BEGIN

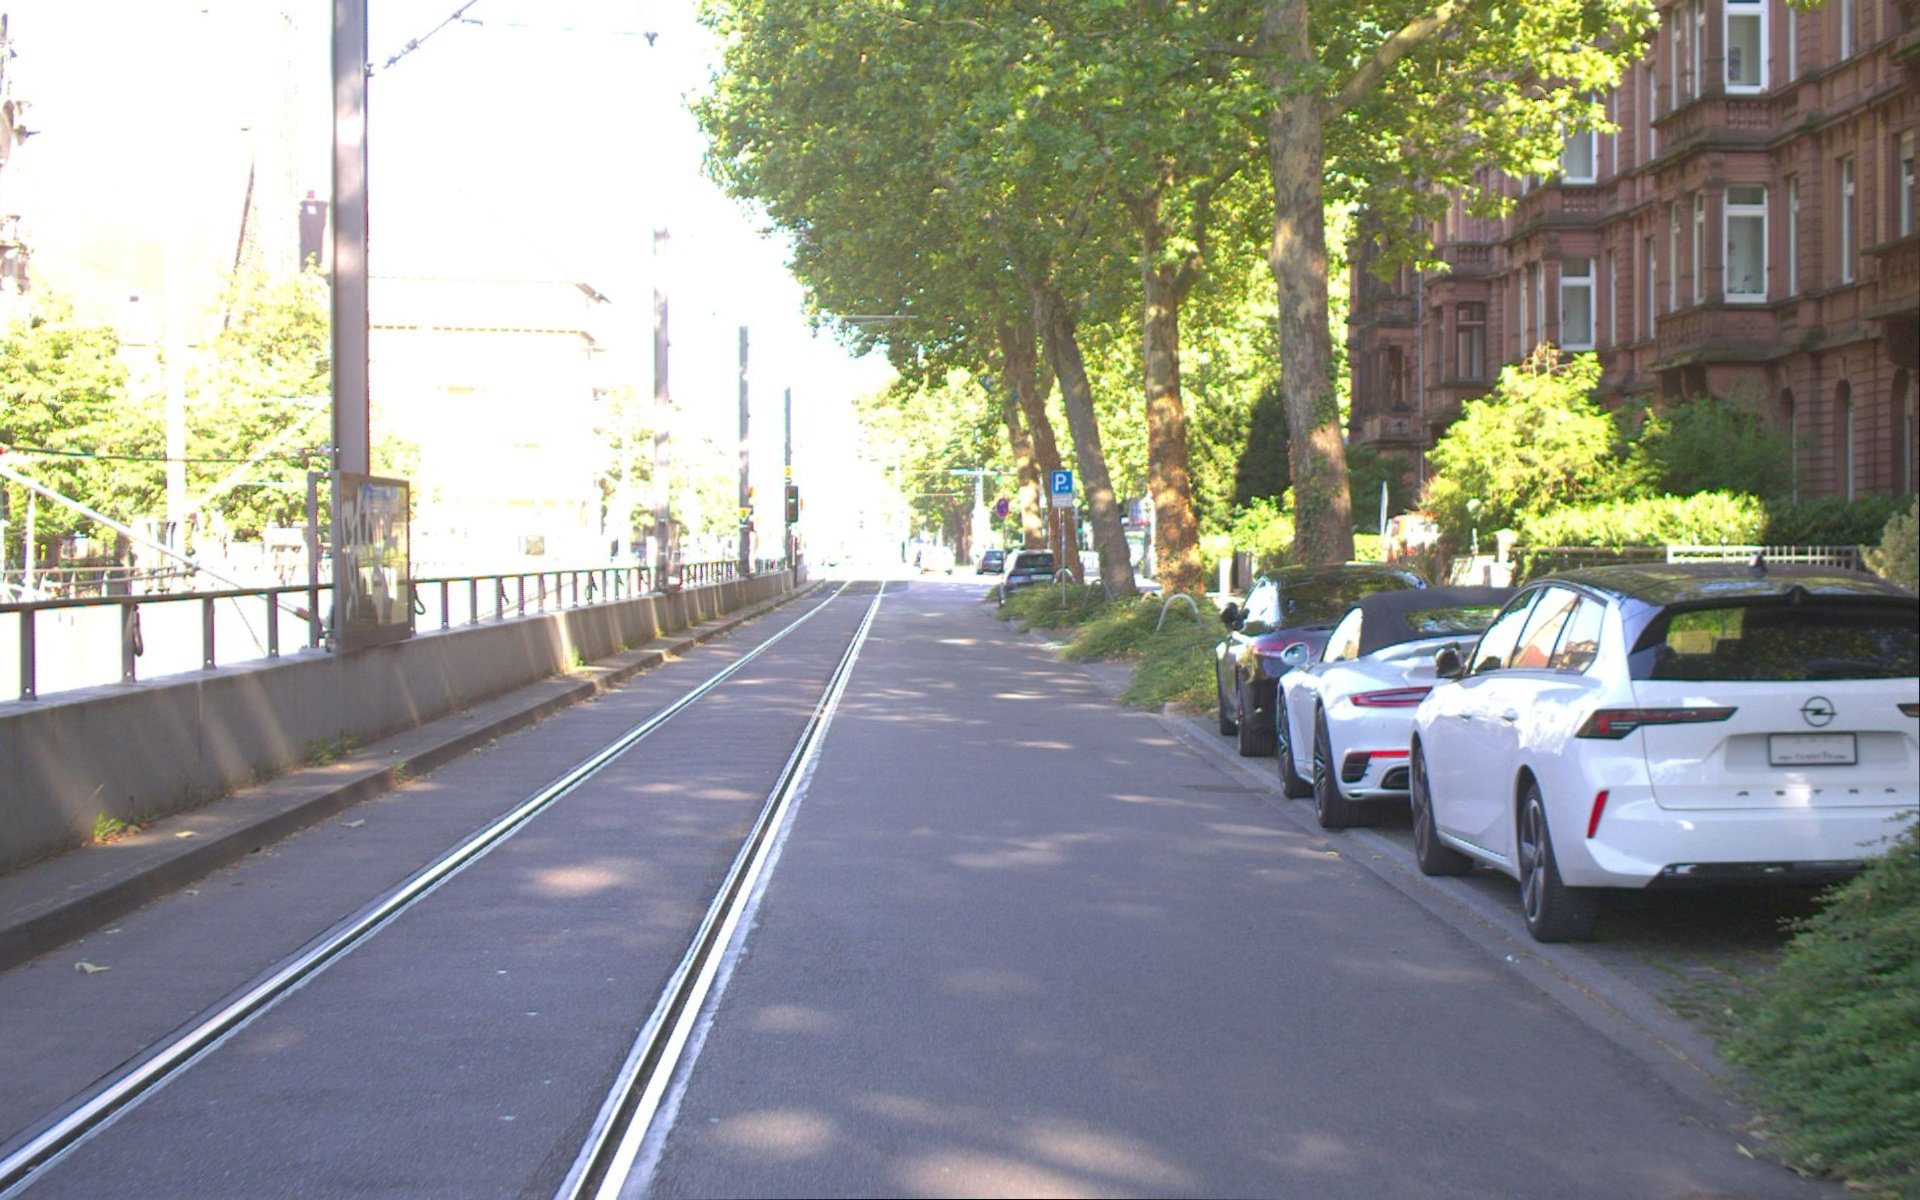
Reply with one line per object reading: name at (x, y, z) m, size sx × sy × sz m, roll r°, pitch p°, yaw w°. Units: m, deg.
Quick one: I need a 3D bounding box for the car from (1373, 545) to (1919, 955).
car at (3.004, 0.506, 14.687) m, size 1.802 × 1.472 × 4.647 m, roll 0°, pitch 1°, yaw -1°

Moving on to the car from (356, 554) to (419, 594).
car at (-23.464, -1.077, 141.035) m, size 1.716 × 1.550 × 4.510 m, roll 3°, pitch 1°, yaw 1°

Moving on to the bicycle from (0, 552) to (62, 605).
bicycle at (-22.742, -0.532, 83.422) m, size 1.731 × 1.275 × 0.599 m, roll 0°, pitch 1°, yaw 5°

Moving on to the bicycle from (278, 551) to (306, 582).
bicycle at (-23.378, -1.166, 120.359) m, size 0.485 × 1.019 × 1.894 m, roll 2°, pitch 1°, yaw -25°

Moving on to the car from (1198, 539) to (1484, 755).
car at (2.882, 0.296, 26.891) m, size 1.732 × 1.531 × 4.805 m, roll 0°, pitch 1°, yaw 0°

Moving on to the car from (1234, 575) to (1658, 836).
car at (2.691, 0.534, 19.907) m, size 1.830 × 1.322 × 4.000 m, roll 0°, pitch 1°, yaw -1°

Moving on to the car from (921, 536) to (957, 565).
car at (-1.112, -2.633, 182.164) m, size 1.745 × 1.457 × 3.645 m, roll 3°, pitch 1°, yaw -2°

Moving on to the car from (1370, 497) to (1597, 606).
car at (10.580, -0.991, 69.696) m, size 4.175 × 2.007 × 2.000 m, roll -2°, pitch 1°, yaw -2°

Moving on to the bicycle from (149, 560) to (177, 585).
bicycle at (-26.553, -0.928, 114.522) m, size 0.416 × 0.797 × 1.887 m, roll 3°, pitch 1°, yaw 2°

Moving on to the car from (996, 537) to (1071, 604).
car at (1.780, -0.734, 84.398) m, size 1.616 × 1.582 × 4.417 m, roll -1°, pitch 1°, yaw -2°

END

The records above are to be repeated word for word, with the pictures omitted.

• _RESPONSE BOX_:
Reply with one line per object reading: name at (x, y, z) m, size sx × sy × sz m, roll r°, pitch p°, yaw w°. Units: m, deg.
Quick one: I need a 3D bounding box for the car from (1373, 545) to (1919, 955).
car at (3.004, 0.506, 14.687) m, size 1.802 × 1.472 × 4.647 m, roll 0°, pitch 1°, yaw -1°

Moving on to the car from (356, 554) to (419, 594).
car at (-23.464, -1.077, 141.035) m, size 1.716 × 1.550 × 4.510 m, roll 3°, pitch 1°, yaw 1°

Moving on to the bicycle from (0, 552) to (62, 605).
bicycle at (-22.742, -0.532, 83.422) m, size 1.731 × 1.275 × 0.599 m, roll 0°, pitch 1°, yaw 5°

Moving on to the bicycle from (278, 551) to (306, 582).
bicycle at (-23.378, -1.166, 120.359) m, size 0.485 × 1.019 × 1.894 m, roll 2°, pitch 1°, yaw -25°

Moving on to the car from (1198, 539) to (1484, 755).
car at (2.882, 0.296, 26.891) m, size 1.732 × 1.531 × 4.805 m, roll 0°, pitch 1°, yaw 0°

Moving on to the car from (1234, 575) to (1658, 836).
car at (2.691, 0.534, 19.907) m, size 1.830 × 1.322 × 4.000 m, roll 0°, pitch 1°, yaw -1°

Moving on to the car from (921, 536) to (957, 565).
car at (-1.112, -2.633, 182.164) m, size 1.745 × 1.457 × 3.645 m, roll 3°, pitch 1°, yaw -2°

Moving on to the car from (1370, 497) to (1597, 606).
car at (10.580, -0.991, 69.696) m, size 4.175 × 2.007 × 2.000 m, roll -2°, pitch 1°, yaw -2°

Moving on to the bicycle from (149, 560) to (177, 585).
bicycle at (-26.553, -0.928, 114.522) m, size 0.416 × 0.797 × 1.887 m, roll 3°, pitch 1°, yaw 2°

Moving on to the car from (996, 537) to (1071, 604).
car at (1.780, -0.734, 84.398) m, size 1.616 × 1.582 × 4.417 m, roll -1°, pitch 1°, yaw -2°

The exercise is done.